Here, despite Kantin's belief that the receipt of the commission payment might be considered "unethical," he nonetheless admitted that he himself did not believe the payment was illegal. He has therefore failed to demonstrate a subjective belief that the commission payment violated an enumerated provision of § 1514A.
Kantin also argues that his complaints about the pricing of certain price "cells" for a particular life insurance product raised questions of illegal activity. But these claims also fail. While Kantin identified pricing "anomalies" in these cells, in the sense that the pricing could be expected to generate profits outside the expected range of profitability for the product as a whole, he has failed to demonstrate that a reasonable person would believe that such pricing abnormalities violated one of the provisions enumerated in § 1514A. There are no allegations that MetLife defrauded shareholders or intended to deceive clients based on these three rare pricing hypo-theticals.
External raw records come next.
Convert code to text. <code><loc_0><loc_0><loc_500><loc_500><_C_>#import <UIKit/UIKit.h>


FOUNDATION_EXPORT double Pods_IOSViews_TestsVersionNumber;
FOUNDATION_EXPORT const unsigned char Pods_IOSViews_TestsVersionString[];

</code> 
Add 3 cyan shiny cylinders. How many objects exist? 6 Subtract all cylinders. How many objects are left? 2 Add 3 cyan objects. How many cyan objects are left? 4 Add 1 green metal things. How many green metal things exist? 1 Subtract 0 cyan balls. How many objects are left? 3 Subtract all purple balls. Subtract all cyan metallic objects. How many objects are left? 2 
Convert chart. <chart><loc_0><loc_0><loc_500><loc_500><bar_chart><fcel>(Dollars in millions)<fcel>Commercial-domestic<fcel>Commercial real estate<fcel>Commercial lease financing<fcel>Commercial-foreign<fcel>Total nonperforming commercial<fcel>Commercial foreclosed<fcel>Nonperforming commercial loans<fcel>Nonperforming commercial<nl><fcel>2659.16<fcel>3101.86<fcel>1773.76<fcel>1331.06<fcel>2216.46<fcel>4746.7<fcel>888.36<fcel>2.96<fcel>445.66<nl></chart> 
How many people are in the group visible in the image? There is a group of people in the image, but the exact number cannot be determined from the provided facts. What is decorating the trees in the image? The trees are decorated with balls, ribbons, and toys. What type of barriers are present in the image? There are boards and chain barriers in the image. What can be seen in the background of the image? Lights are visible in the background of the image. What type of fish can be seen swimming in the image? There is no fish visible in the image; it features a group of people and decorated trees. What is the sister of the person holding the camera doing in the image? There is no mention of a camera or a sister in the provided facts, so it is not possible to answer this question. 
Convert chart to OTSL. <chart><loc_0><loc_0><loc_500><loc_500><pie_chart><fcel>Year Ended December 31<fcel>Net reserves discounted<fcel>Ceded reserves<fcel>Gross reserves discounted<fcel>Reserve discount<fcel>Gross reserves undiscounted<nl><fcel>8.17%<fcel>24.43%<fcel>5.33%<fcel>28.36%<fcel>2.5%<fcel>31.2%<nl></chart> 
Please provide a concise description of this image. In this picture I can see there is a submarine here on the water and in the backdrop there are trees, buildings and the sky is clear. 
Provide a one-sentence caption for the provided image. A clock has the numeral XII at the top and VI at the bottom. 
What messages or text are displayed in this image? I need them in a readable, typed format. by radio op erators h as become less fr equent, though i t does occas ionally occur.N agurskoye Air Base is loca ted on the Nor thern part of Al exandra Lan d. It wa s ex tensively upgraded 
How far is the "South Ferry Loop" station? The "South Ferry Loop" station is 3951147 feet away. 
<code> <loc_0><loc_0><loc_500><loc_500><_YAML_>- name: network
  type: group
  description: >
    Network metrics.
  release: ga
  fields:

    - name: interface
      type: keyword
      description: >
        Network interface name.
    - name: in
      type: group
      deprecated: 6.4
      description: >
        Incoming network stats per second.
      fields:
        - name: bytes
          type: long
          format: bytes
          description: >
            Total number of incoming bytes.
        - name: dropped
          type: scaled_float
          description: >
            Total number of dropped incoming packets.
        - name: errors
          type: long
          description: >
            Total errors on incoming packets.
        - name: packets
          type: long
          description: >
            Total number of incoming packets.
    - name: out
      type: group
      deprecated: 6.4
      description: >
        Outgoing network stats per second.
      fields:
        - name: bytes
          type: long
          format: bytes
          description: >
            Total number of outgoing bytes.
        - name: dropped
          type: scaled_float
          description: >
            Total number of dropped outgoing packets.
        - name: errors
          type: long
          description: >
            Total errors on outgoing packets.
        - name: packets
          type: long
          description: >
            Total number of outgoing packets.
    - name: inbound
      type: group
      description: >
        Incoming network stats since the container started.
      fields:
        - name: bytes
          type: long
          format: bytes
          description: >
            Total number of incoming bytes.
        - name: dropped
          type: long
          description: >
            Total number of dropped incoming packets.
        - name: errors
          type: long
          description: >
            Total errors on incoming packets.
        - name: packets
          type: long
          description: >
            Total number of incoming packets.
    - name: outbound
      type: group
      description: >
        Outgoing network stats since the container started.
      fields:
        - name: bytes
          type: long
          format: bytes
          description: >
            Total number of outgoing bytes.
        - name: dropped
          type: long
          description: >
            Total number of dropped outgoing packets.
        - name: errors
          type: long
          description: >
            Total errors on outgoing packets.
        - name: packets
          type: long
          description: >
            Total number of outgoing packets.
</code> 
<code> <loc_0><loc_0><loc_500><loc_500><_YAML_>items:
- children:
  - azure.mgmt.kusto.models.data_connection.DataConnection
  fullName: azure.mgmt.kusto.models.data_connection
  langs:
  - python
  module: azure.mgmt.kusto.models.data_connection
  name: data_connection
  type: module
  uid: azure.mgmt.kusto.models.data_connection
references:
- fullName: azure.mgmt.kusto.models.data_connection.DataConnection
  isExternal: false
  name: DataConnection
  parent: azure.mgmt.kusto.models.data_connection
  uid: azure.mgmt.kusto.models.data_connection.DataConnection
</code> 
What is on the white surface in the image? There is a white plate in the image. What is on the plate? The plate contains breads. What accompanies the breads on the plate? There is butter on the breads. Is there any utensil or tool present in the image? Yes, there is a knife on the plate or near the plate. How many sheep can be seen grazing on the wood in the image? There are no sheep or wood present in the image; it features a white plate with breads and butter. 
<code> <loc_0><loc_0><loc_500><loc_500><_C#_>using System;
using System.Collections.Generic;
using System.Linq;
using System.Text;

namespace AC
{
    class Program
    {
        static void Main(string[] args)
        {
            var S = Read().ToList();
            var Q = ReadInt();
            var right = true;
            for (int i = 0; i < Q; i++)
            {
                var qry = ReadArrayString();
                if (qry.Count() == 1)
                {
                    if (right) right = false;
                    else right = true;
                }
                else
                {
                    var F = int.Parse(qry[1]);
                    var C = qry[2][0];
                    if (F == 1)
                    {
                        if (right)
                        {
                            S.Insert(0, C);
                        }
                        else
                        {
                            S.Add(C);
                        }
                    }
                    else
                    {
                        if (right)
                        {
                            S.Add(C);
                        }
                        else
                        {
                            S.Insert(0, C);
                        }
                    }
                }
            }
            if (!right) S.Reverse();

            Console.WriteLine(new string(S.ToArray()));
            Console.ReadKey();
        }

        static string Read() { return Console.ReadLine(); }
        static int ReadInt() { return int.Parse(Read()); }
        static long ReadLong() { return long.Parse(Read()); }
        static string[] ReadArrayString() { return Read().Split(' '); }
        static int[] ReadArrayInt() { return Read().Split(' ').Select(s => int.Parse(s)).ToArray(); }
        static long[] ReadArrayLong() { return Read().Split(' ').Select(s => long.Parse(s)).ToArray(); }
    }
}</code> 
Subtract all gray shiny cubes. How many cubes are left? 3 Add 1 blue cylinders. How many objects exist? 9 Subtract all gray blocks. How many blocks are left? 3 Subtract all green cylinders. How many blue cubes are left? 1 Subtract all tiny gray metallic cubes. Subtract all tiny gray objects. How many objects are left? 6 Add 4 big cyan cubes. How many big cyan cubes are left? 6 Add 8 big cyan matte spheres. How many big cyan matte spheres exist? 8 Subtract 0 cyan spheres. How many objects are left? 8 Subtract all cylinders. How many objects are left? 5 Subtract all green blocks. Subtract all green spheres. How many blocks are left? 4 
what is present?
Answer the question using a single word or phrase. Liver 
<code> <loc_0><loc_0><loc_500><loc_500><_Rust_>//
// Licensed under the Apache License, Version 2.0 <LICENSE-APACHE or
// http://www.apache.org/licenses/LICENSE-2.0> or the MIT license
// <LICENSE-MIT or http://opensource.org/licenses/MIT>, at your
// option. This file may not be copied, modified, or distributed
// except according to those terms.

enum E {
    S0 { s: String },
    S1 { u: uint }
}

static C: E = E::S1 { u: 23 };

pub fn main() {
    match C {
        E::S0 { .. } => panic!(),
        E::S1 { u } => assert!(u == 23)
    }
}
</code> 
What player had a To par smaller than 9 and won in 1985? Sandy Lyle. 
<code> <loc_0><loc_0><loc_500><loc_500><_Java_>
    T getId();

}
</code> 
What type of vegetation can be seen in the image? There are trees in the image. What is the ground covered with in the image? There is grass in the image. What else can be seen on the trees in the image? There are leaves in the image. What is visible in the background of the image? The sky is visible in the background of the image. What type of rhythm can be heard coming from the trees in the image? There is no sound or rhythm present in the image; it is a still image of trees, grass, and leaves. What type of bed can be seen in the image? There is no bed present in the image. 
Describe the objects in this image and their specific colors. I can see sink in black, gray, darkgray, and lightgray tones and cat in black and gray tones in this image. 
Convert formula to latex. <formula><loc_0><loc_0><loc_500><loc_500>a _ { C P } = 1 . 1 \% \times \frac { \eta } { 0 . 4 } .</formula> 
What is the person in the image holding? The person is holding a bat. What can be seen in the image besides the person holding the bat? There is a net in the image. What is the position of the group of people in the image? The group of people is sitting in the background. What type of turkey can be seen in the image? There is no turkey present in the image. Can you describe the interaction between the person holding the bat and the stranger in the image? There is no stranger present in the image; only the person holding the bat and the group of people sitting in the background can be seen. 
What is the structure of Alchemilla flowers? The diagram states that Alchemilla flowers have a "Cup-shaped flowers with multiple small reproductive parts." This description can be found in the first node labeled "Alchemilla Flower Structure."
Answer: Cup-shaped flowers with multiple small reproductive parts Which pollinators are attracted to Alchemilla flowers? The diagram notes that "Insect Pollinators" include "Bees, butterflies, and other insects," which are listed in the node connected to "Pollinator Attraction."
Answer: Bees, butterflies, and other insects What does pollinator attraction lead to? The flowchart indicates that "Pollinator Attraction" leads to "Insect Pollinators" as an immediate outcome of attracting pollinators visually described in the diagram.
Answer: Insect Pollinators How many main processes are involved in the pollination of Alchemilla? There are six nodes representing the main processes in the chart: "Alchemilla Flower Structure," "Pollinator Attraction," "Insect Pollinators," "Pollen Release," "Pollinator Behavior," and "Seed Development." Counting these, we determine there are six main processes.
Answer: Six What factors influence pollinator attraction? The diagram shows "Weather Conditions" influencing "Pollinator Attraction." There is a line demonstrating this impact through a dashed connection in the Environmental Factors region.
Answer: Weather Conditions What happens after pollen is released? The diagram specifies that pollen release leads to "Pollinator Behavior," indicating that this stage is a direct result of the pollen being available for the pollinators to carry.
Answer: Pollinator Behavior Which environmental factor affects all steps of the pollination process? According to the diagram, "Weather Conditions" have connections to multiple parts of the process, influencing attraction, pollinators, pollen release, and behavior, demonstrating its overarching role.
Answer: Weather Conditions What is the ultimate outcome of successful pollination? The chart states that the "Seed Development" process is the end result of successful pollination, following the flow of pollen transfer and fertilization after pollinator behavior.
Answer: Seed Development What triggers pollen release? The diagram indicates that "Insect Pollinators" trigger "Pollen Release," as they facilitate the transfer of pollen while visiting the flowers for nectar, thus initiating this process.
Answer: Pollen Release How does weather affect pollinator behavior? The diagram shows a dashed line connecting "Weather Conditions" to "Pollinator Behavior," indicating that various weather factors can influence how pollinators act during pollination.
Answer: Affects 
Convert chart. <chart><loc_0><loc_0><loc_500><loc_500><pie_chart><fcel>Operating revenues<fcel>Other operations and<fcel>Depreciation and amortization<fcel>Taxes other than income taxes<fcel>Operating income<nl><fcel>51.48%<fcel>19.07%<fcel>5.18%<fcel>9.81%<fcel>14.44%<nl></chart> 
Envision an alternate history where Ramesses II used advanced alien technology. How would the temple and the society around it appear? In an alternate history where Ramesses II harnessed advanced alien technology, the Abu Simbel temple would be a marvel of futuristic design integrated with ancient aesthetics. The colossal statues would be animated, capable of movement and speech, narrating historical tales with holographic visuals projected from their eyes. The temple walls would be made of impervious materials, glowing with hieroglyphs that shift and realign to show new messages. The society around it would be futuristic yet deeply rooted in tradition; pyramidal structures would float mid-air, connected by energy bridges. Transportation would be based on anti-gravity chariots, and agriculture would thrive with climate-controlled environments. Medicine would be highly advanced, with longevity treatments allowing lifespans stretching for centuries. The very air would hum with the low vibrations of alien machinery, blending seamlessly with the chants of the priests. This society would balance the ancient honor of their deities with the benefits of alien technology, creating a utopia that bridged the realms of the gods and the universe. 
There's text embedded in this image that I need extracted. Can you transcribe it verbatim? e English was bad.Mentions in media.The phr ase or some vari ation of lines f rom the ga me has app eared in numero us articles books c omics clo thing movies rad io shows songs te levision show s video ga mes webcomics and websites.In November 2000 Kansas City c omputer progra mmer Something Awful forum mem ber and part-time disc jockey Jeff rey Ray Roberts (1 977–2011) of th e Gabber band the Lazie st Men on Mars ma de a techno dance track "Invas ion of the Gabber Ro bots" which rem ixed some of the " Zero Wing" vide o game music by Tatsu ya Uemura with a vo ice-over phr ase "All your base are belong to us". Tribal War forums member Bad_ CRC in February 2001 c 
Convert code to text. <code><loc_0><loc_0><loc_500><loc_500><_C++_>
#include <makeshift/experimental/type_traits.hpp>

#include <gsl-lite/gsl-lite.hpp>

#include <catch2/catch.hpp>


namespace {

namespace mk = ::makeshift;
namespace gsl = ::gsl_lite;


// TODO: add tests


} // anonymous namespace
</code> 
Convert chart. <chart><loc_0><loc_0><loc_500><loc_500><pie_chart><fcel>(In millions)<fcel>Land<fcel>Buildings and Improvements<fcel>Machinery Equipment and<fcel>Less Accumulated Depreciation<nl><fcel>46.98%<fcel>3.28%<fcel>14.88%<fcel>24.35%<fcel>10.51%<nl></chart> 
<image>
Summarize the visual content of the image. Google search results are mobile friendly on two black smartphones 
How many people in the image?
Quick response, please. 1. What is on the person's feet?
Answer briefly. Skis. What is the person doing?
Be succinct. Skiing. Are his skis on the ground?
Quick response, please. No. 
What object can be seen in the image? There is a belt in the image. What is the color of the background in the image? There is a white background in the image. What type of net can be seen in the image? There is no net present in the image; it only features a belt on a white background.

Indeed, as with the commission payment, Kantin' acknowledges that he himself did not believe that two of the pricing anomalies created any legal issue. In an attempt to show that pricing anomalies might constitute a violation of an enumerated provision, Kantin argues that the sale of one of the policies in question to a couple in which the husband was 28 years older than the wife (in a particular configuration of health categories) could violate FINRA Rule 2111 prohibiting the sale of unsuitable securities because the same benefits could be achieved for most couples by selling a cheaper MetLife policy to the wife alone. See FINRA Rule 2111. However, Kantin admitted that he does not know of any instance in which such an unsuitable policy was sold to anyone, and that he himself "would never" sell a joint policy when the individual policy would be more appropriate. App'x at 19. The mere existence of an insurance product that would be unsuitable if sold to a particular customer because a different product from the same company would be more appropriate for that customer could not reasonably be believed to constitute a fraud, in the absence of any evidence that such a policy was sold to such a customer, or intended to be sold to her. Cfi Nielsen, 762 F.3d at 223 (holding that the disclosure of "potential shareholder fraud" is plainly "insufficient as a matter of law to make out a claim under § 1514A" (emphasis added and internal quotation marks omitted)). Kantin has failed to make an adequate showing he had an objectively reasonable belief that MetLife had engaged in some type of fraudulent activity.
We have considered all of Kantin's remaining arguments on appeal and determine they are without merit. For the foregoing reasons, the judgment of the district court is AFFIRMED with respect to Kan-tin's federal claims, and REMANDED for the limited purpose of allowing the district court to clarify whether its dismissal of Kantin's state law claims was on the merits or was a discretionary declination to exercise supplemental jurisdiction over them pursuant to 28 U.S.C. § 1367(c)(3).
. The product involved a joint life insurance policy on a married couple. The premiums for the policy would be based on variables including the age, sex, and health of each partner. The record reflects that there were over one million "cells" reflecting different combinations of these variables.